Opinion
March 29, 2001.
Order, Supreme Court, New York County (Seymour Schwartz, J.H.O.), entered May 3, 2000, which, after a nonjury trial, dismissed plaintiff's complaint, unanimously affirmed, without costs.
Norman Mednick, for plaintiff-appellant.
Anthony Dougherty, for defendant-respondent.
Before: Sullivan, P.J., Tom, Mazzarelli, Ellerin, Friedman, JJ.

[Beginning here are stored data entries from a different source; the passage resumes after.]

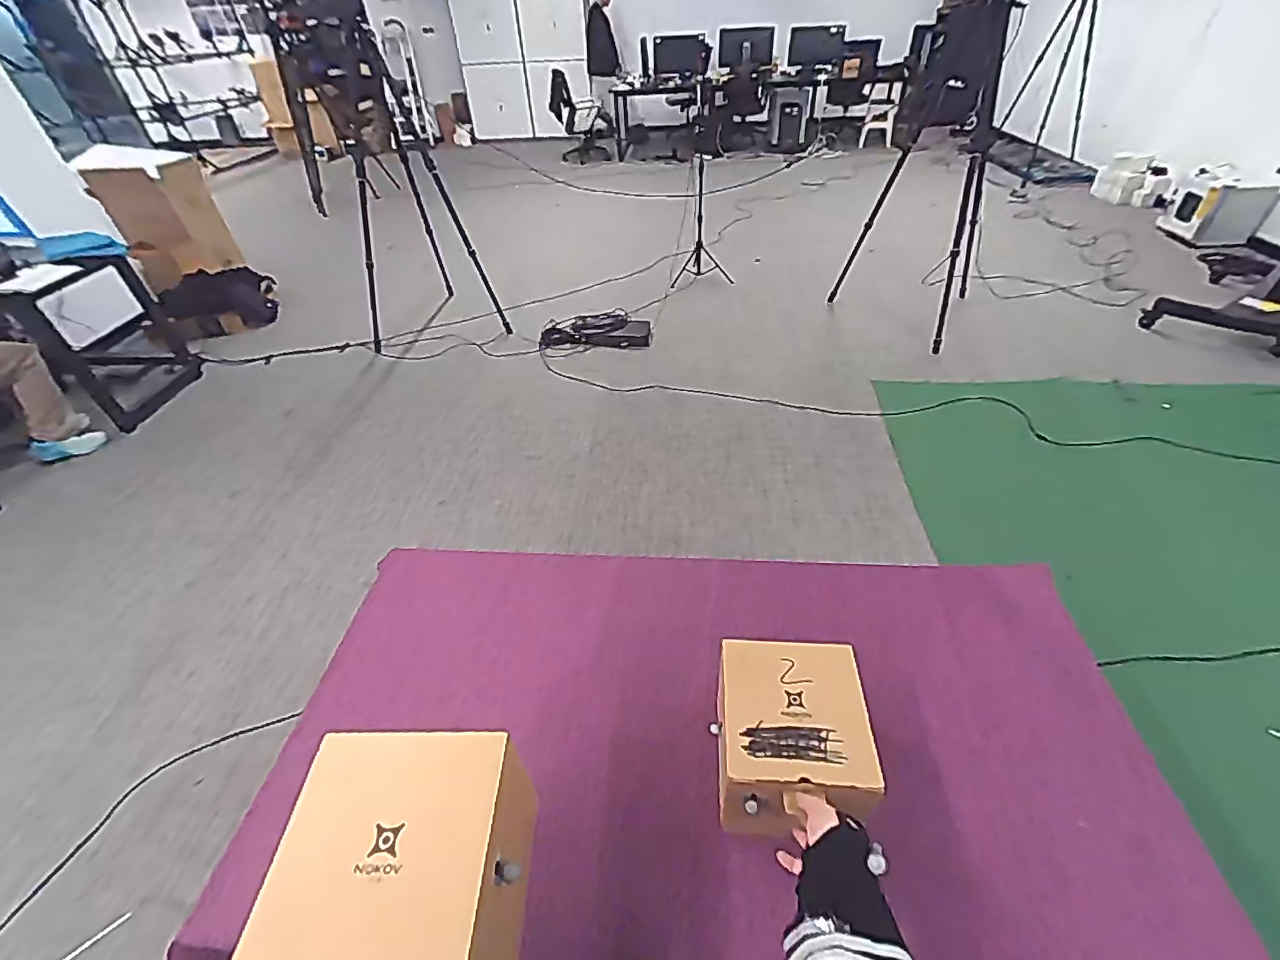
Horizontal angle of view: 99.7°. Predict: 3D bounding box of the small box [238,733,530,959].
[{"bbox_3d":[-0.200,0.350,0.486,0.168,0.176,0.179,-1,44,1],"label":"small box"}]
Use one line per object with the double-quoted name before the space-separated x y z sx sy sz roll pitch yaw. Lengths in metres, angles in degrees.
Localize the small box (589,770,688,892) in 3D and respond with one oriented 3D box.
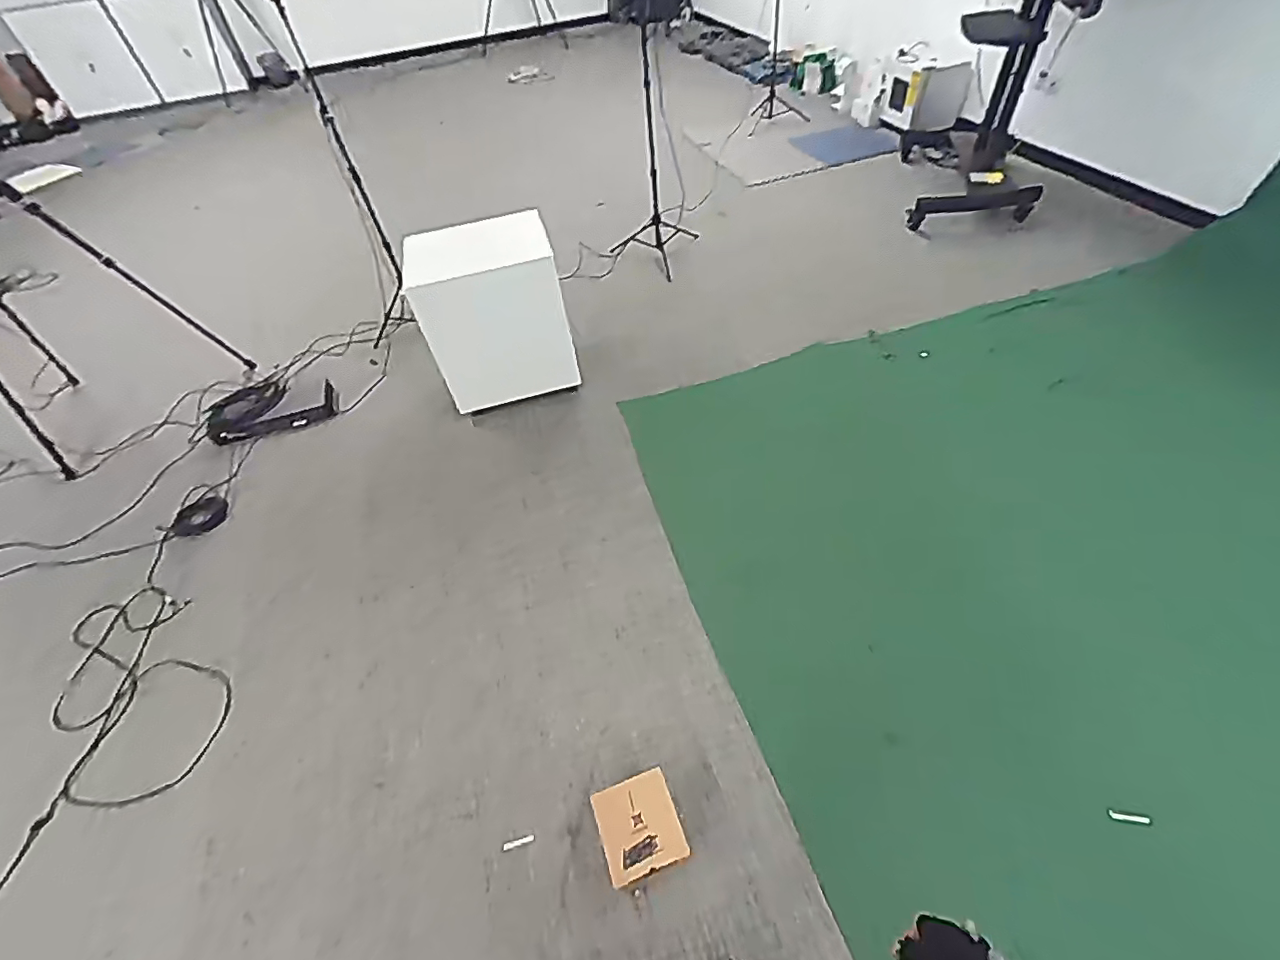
"small box" 0.000 0.770 1.181 0.168 0.176 0.179 -18 50 -9
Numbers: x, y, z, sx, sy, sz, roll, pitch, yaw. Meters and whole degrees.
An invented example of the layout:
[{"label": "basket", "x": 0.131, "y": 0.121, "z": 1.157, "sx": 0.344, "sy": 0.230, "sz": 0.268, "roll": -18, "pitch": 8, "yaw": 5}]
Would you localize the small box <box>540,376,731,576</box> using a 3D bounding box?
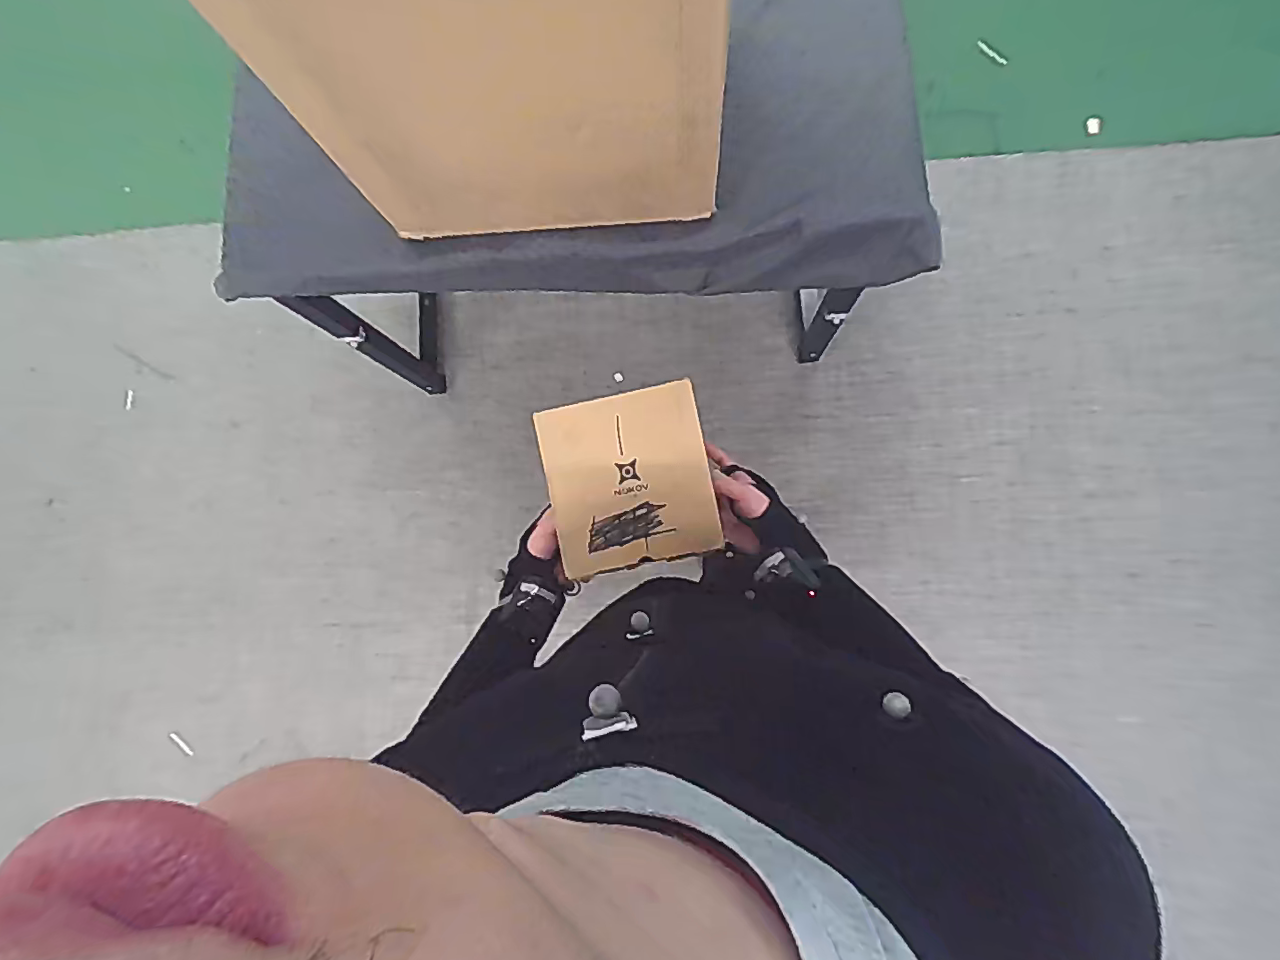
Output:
[{"label": "small box", "x": 0.001, "y": -0.005, "z": 0.620, "sx": 0.168, "sy": 0.176, "sz": 0.179, "roll": -13, "pitch": 89, "yaw": 4}]
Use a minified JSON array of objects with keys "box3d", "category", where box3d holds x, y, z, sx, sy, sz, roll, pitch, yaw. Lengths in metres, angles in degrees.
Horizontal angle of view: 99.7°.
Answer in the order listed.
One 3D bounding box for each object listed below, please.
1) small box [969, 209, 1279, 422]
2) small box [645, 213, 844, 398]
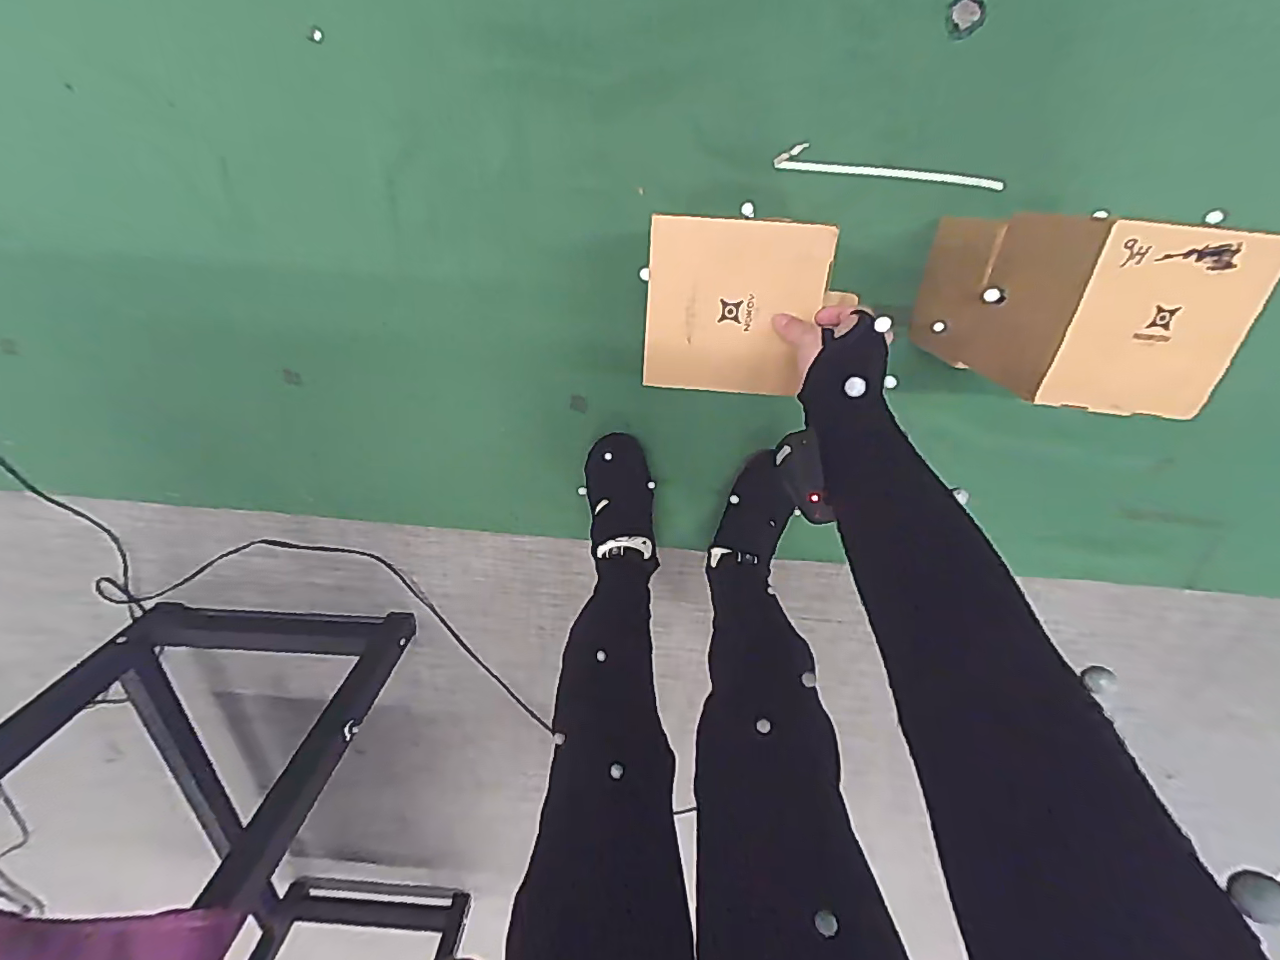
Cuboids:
[{"box3d":[0.493,-0.182,0.582,0.168,0.176,0.179,6,119,-1],"category":"small box"},{"box3d":[0.101,-0.200,0.602,0.179,0.176,0.168,5,116,2],"category":"small box"}]
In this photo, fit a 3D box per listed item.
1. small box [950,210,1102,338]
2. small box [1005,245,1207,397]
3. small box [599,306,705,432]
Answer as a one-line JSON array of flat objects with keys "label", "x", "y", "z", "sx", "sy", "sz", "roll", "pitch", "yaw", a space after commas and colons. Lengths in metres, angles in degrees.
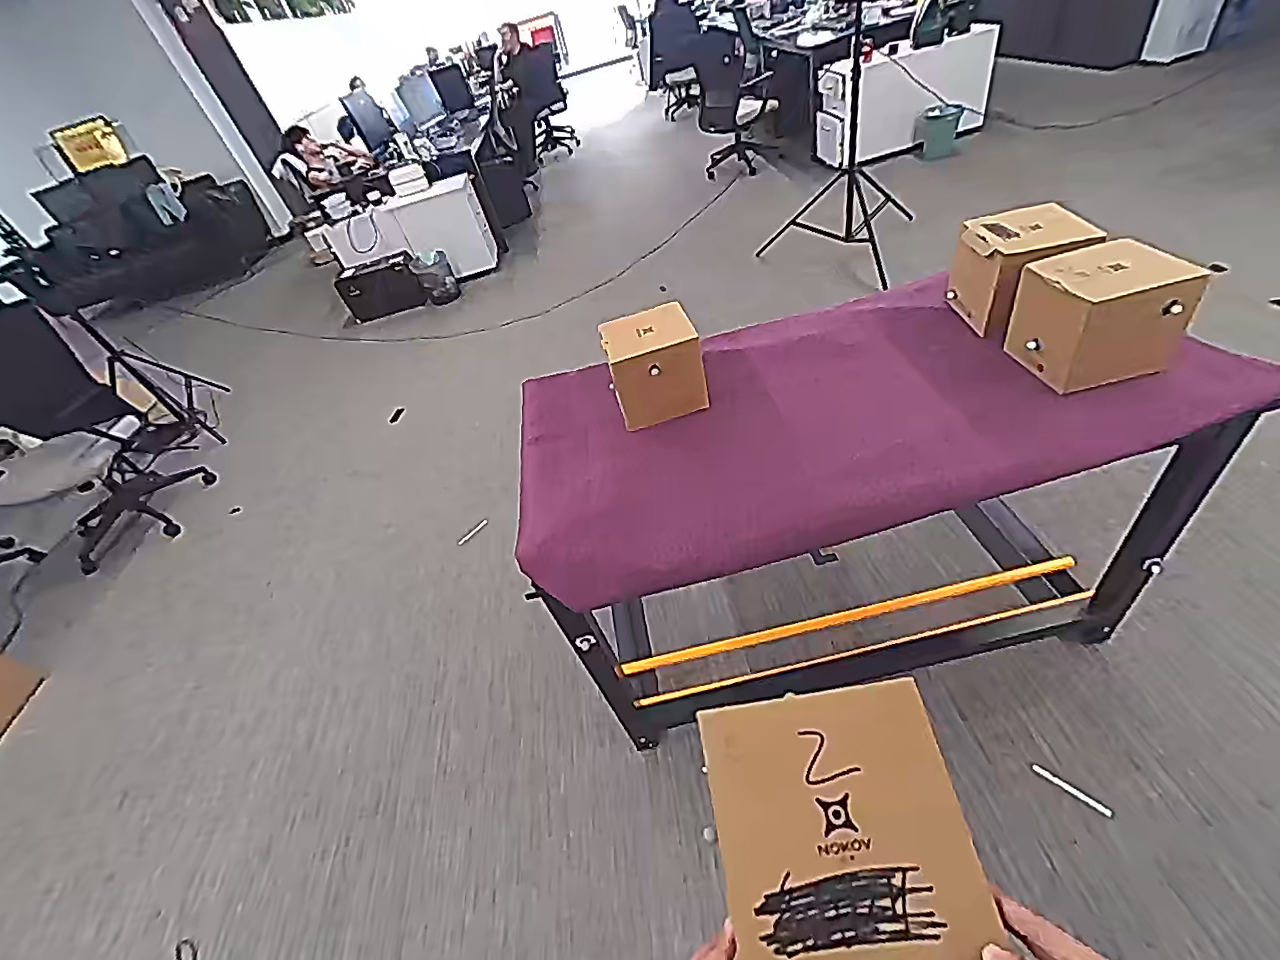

The complaint in this action for retaliatory discharge was properly dismissed in view of plaintiff's failure to make out a prima facie case (see, Matter of Pace University v. New York City Commission on Human Rights, 85 N.Y.2d 125). While plaintiff's comments regarding a "glass ceiling" with respect to tenured female professors in defendant's History Department could constitute a protected activity under Title VII of the Civil Rights Act of 1964 ( 42 U.S.C. § 2000e-3[a]) and the New York Human Rights Laws (Executive Law §§ 296[a] and [e]), there was no showing that the comment caused her to be discharged from her employment. The evidence credited by the trial court showed instead that plaintiff's employment with defendant terminated at the end of the 1995-96 academic year pursuant to the express terms of her one-year, non-renewable appointment. We note, moreover, that plaintiff was offered, but rejected, a part-time adjunct position for the ensuing academic year.
Even if plaintiff had made out a prima facie case of retaliatory discharge, defendant articulated a legitimate, nondiscriminatory reason for the nonrenewal of plaintiff's contract (see, Matter of Miller Brewing Co. v. State Div. of Human Rights, 66 N.Y.2d 937), and plaintiff failed to demonstrate that the articulated reasons were pretexts for discrimination (see, Matter of Natl. Basketball Assn. v. New York State Div. of Human Rights, 115 A.D.2d 365, 367, affd 68 N.Y.2d 644).
We have considered plaintiff's remaining arguments and find them unavailing.
THIS CONSTITUTES THE DECISION AND ORDER OF SUPREME COURT, APPELLATE DIVISION, FIRST DEPARTMENT.